I mean... You could? AI comes in all kinds of forms. It's been around practically since Eliza. What is (not) here to stay are the techbros who think every problem can be solved with LLMs. I imagine that once the bubble bursts and the LLM hype is gone, AI will go back to exactly what it was before ChatGPT came along. After all, IMO it's quite true that the AIs nobody talks about are the AIs that are actually doing good or interesting things. All of those AIs have been pushed to the backseat because LLMs have taken the driver and passenger seats, but the AIs working on cures for cancer (assuming we don't already have said cure and it just isn't profitable enough to talk about/market) for example are still being advanced.

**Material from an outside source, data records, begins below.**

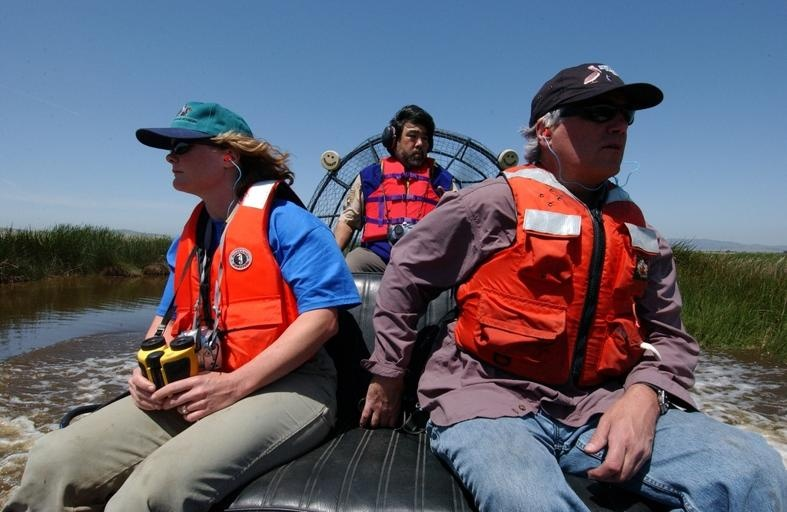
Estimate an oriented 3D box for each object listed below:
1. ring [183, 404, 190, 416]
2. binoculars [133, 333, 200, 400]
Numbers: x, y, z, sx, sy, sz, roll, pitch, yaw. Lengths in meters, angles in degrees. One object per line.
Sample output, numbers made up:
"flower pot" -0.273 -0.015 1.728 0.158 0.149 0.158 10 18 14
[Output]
"ring" -1.361 1.004 3.537 0.055 0.051 0.021 13 14 36
"binoculars" -1.470 0.672 3.544 0.358 0.151 0.353 4 38 6
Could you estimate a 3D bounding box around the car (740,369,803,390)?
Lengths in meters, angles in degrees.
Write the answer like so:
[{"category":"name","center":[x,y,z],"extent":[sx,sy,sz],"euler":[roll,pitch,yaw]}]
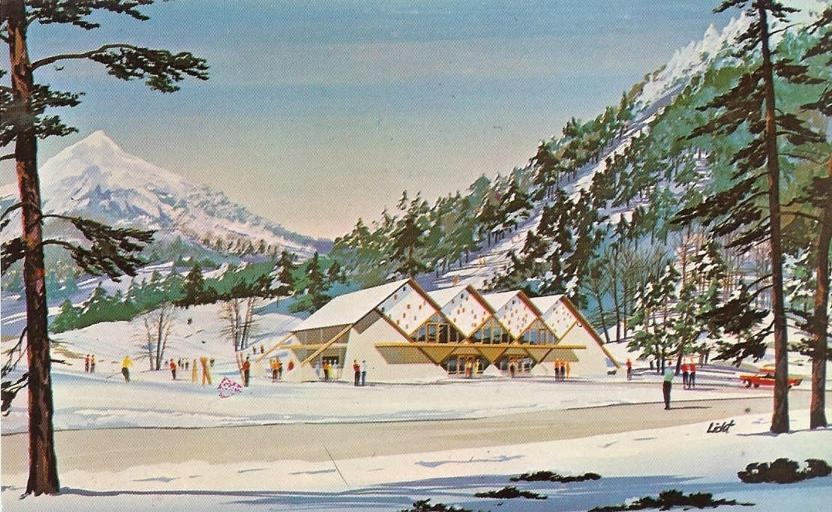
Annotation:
[{"category":"car","center":[19.196,6.753,80.116],"extent":[2.565,0.833,1.470],"euler":[1,-6,12]}]
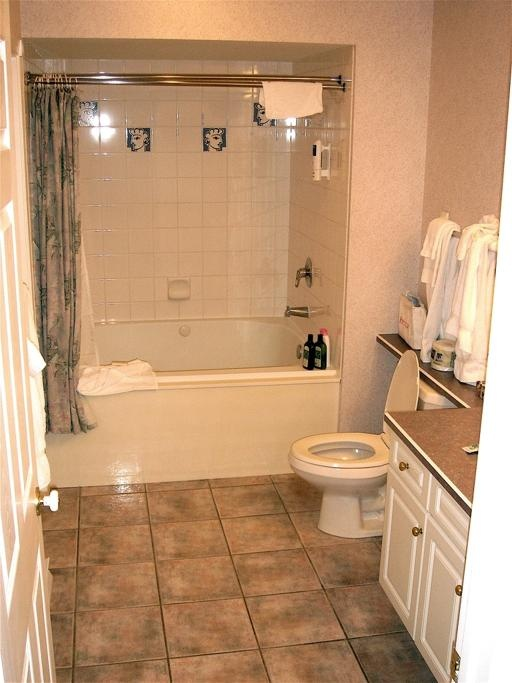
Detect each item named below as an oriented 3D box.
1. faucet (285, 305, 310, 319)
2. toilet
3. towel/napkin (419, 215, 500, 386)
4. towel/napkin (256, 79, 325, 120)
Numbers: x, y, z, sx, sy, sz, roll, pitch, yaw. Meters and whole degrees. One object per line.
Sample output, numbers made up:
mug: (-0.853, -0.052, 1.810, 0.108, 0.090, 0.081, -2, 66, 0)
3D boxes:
faucet: (0.285, -0.182, 3.631, 0.122, 0.053, 0.103, -3, 27, -2)
toilet: (0.522, 0.511, 2.761, 0.684, 0.901, 0.505, 0, 8, -14)
towel/napkin: (0.907, -0.189, 2.427, 0.233, 0.742, 0.592, 2, 13, 6)
towel/napkin: (0.192, -1.321, 2.935, 0.333, 0.195, 0.117, -1, 13, -7)
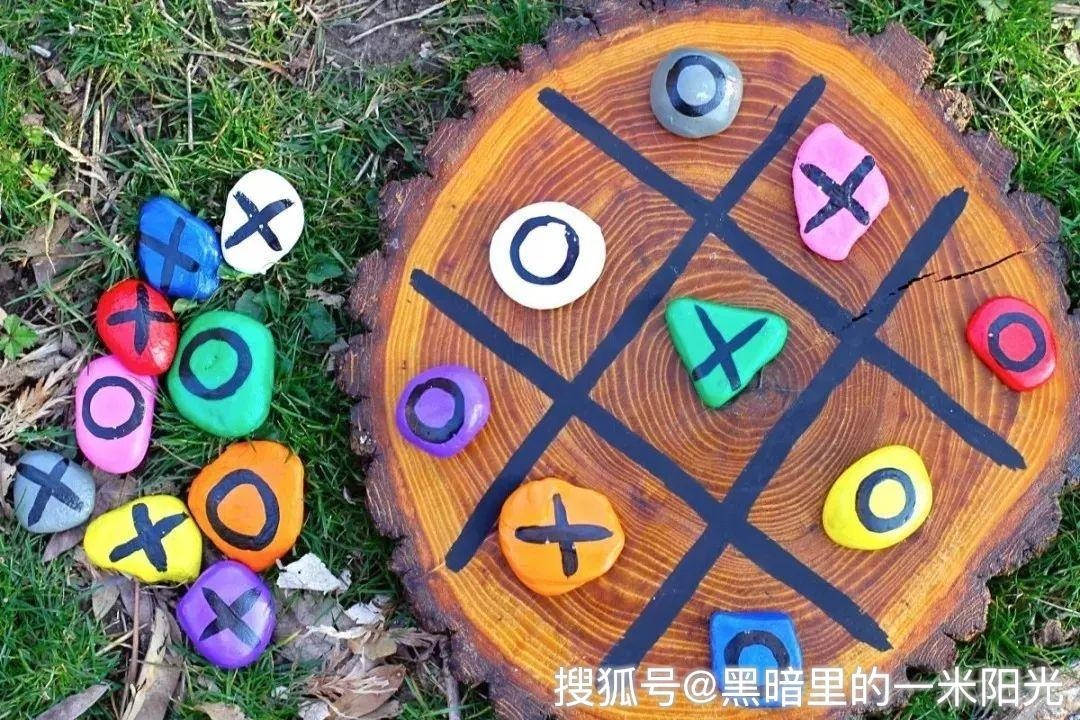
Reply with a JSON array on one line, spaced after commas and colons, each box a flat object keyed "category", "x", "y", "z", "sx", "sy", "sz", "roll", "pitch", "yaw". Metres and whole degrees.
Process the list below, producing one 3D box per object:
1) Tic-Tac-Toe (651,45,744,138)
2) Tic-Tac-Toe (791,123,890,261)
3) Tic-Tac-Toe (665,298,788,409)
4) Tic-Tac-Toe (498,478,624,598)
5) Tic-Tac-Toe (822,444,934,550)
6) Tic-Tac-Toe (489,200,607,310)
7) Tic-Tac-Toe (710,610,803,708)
[{"category": "Tic-Tac-Toe", "x": 0.676, "y": -1.141, "z": 5.500, "sx": 0.390, "sy": 0.124, "sz": 0.363, "roll": 5, "pitch": 87, "yaw": 5}, {"category": "Tic-Tac-Toe", "x": 1.261, "y": -0.723, "z": 5.522, "sx": 0.457, "sy": 0.068, "sz": 0.460, "roll": 45, "pitch": 91, "yaw": 5}, {"category": "Tic-Tac-Toe", "x": 0.808, "y": -0.117, "z": 5.462, "sx": 0.467, "sy": 0.055, "sz": 0.476, "roll": -29, "pitch": 85, "yaw": 2}, {"category": "Tic-Tac-Toe", "x": 0.087, "y": 0.733, "z": 5.443, "sx": 0.502, "sy": 0.094, "sz": 0.469, "roll": -22, "pitch": 86, "yaw": 3}, {"category": "Tic-Tac-Toe", "x": 1.431, "y": 0.604, "z": 5.442, "sx": 0.487, "sy": 0.133, "sz": 0.383, "roll": -21, "pitch": 86, "yaw": 3}, {"category": "Tic-Tac-Toe", "x": 0.035, "y": -0.449, "z": 5.511, "sx": 0.493, "sy": 0.077, "sz": 0.450, "roll": -15, "pitch": 86, "yaw": 3}, {"category": "Tic-Tac-Toe", "x": 0.919, "y": 1.277, "z": 5.427, "sx": 0.374, "sy": 0.068, "sz": 0.390, "roll": 0, "pitch": 87, "yaw": 4}]
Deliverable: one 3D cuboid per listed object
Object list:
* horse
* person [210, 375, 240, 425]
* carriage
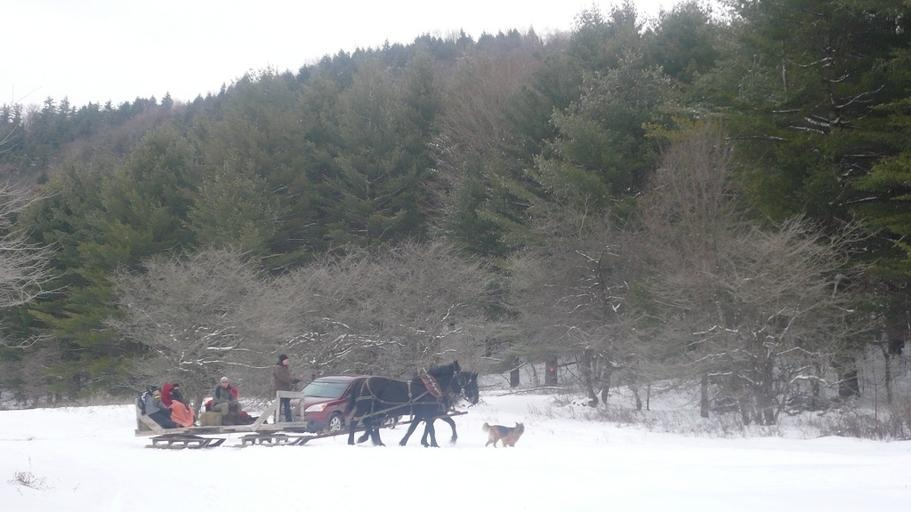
[{"bbox_3d":[-0.925,7.517,63.041,8.737,5.201,2.534,1,-4,-15],"label":"horse"},{"bbox_3d":[-11.508,7.267,62.162,1.371,2.335,0.701,-3,4,-11],"label":"person"},{"bbox_3d":[-7.073,7.776,63.275,16.874,4.459,6.073,1,6,-4],"label":"carriage"}]
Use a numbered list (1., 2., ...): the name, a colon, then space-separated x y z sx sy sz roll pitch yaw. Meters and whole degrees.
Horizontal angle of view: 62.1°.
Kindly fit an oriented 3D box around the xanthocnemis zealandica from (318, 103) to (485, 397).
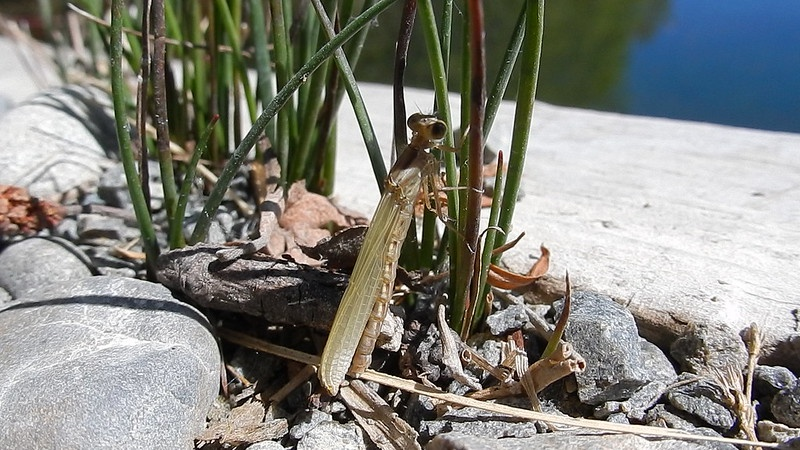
1. xanthocnemis zealandica: -0.012 0.148 2.668 0.432 1.364 0.507 3 4 -24

Saying that LLMs will disappear once the financial hype desinflate is like saying that LLMs are the answer to everything.


Personally I read the GP post with more emphasis on this bit:

> What is (not) here to stay are the techbros who think every problem can be solved with LLMs.

LLMs are in all likelyhood here to stay, but the scumbags doing business around them right now are hopefully going away eventually.


I agree on that part as well, but saying that AI will go back at what it was before ChatGPT came along is false. LLM will still be a standalone product and will be taken for granted. People will (maybe? hopefully?) eventually learn to use them properly and not generate tons of slop for the sake of using AI. Many "AI companies" will disappear from the face of Earth. But our reality has changed.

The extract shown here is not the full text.